I'd be interest in anybodies opinion regarding the Dream as I'm currently riding a Look KX Light and am considering cross over after years of Look ownership. My main concern is the ride going to be harsher and build quality with respect to the paint bad? Or is best to keep the faith and stay with a new Look like the 555?


----------



## terry b (Jan 29, 2004)

I like my Dream, a lot. The ride isn't harsh, the paint is beautiful and it's one of my favorite bikes. Not a lot more to say than that. Can't compare it to a Look because I've not ridden one.

Sometimes it feels better to stick with what you know, other times it's good to break out of a rut. Only you can decide.


----------



## wrench (Jun 15, 2004)

My paint is awesome!!! The Colnago painters are true artists. Are you getting a Dream HP or a Dream from a few years ago. I have had both and the carbon stays on the HP make the ride smooth and not as harsh as some other rides. I have also ridden the Look 555 and didn't like it as much. It was not harsh but I just did't feel comfortable on it. The Nag just fits and is resposive but forgiving enough. The paint on mine is durable and has no issues. I have heard of some complaints with fingerprints under the clear coat and easy chipping. These issues would still not sway my choice of getting another one.


----------



## technocycle (Oct 29, 2004)

wrench said:


> My paint is awesome!!! The Colnago painters are true artists. Are you getting a Dream HP or a Dream from a few years ago. I have had both and the carbon stays on the HP make the ride smooth and not as harsh as some other rides. I have also ridden the Look 555 and didn't like it as much. It was not harsh but I just did't feel comfortable on it. The Nag just fits and is resposive but forgiving enough. The paint on mine is durable and has no issues. I have heard of some complaints with fingerprints under the clear coat and easy chipping. These issues would still not sway my choice of getting another one.



I must agree. I have a dream plus that is about 3-4 yrs old and I absolutely love it. I recently purchased an 05 dream hp in a sloping frame and upgraded to the star fork. Not much to say, other than it is absolutely amazing, climbing, ride quality, paint, sprints, etc. 

After having one Colnago, I would never consider anything else. I just wish they made cars.


----------



## dannybgoode (Feb 3, 2005)

*New Dream B-Stay first ride*

I've just taken my new Dream B-stay (03/04 model - not HP) on its first outing. 55 hilly peak district miles.

What can I say - awesome. Not ridden a Look but if you're in the market for a new bike then I would recommend a test ride without hesitation. Just make sure you get it properly fitted.
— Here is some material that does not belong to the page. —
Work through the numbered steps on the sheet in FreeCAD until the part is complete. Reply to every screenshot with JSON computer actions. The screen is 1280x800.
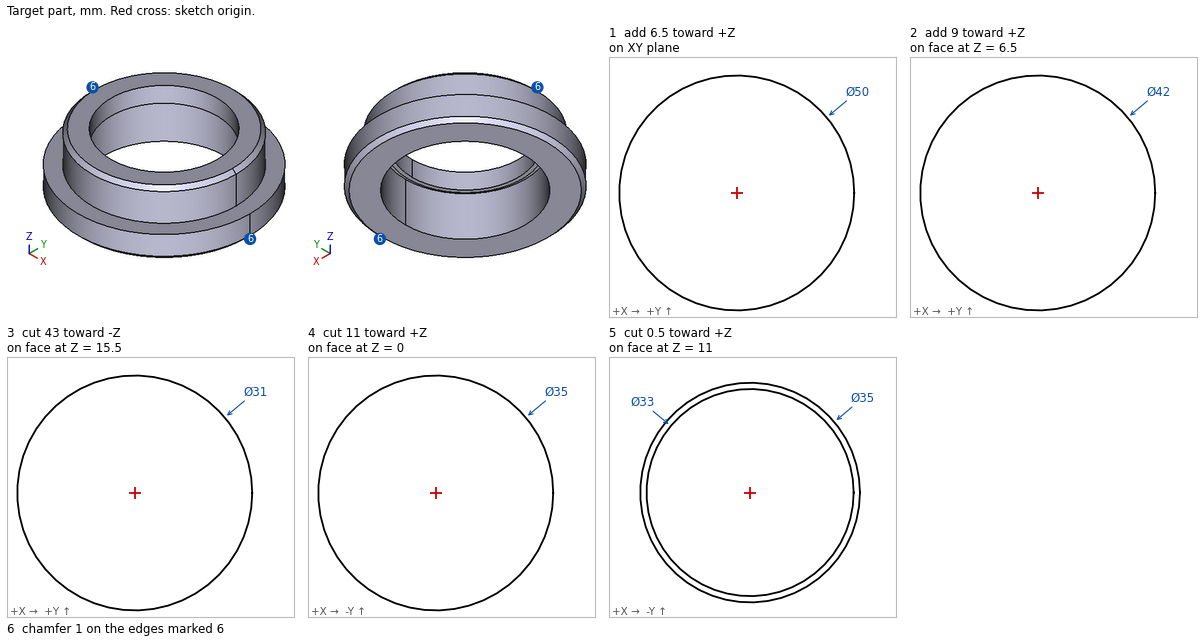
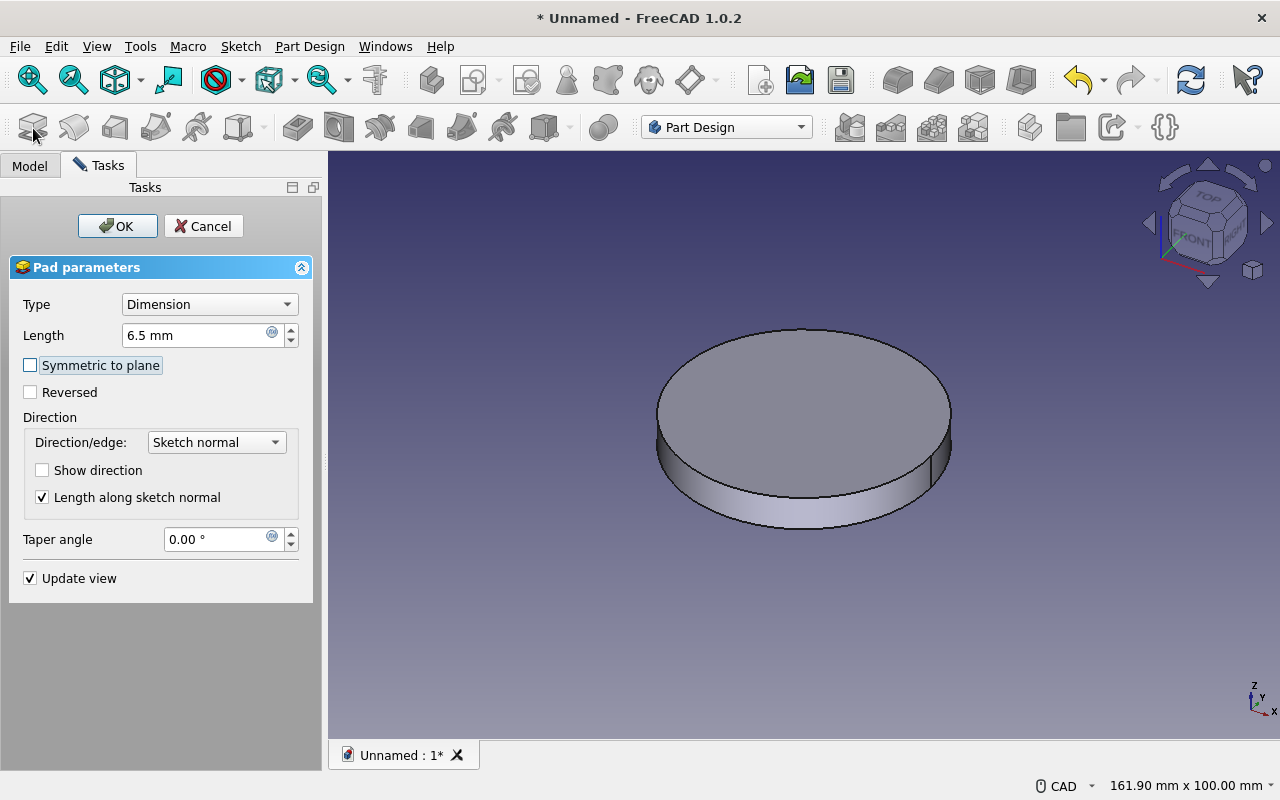
{"action": "left_click", "coordinate": [118, 226]}

Good luck and happy riding...


----------



## froteur (Feb 29, 2004)

frenchmb,

not sure if you 've bought you're dream or not yet but i've had my dream b-stay (non-hp) for just about a year and can't say enough good things about it. the only bike i could see replacing it with would be another nag - preferably a c50  

-perry-




frenchmb said:


> Hi,
> 
> I'd be interest in anybodies opinion regarding the Dream as I'm currently riding a Look KX Light and am considering cross over after years of Look ownership. My main concern is the ride going to be harsher and build quality with respect to the paint bad? Or is best to keep the faith and stay with a new Look like the 555?


----------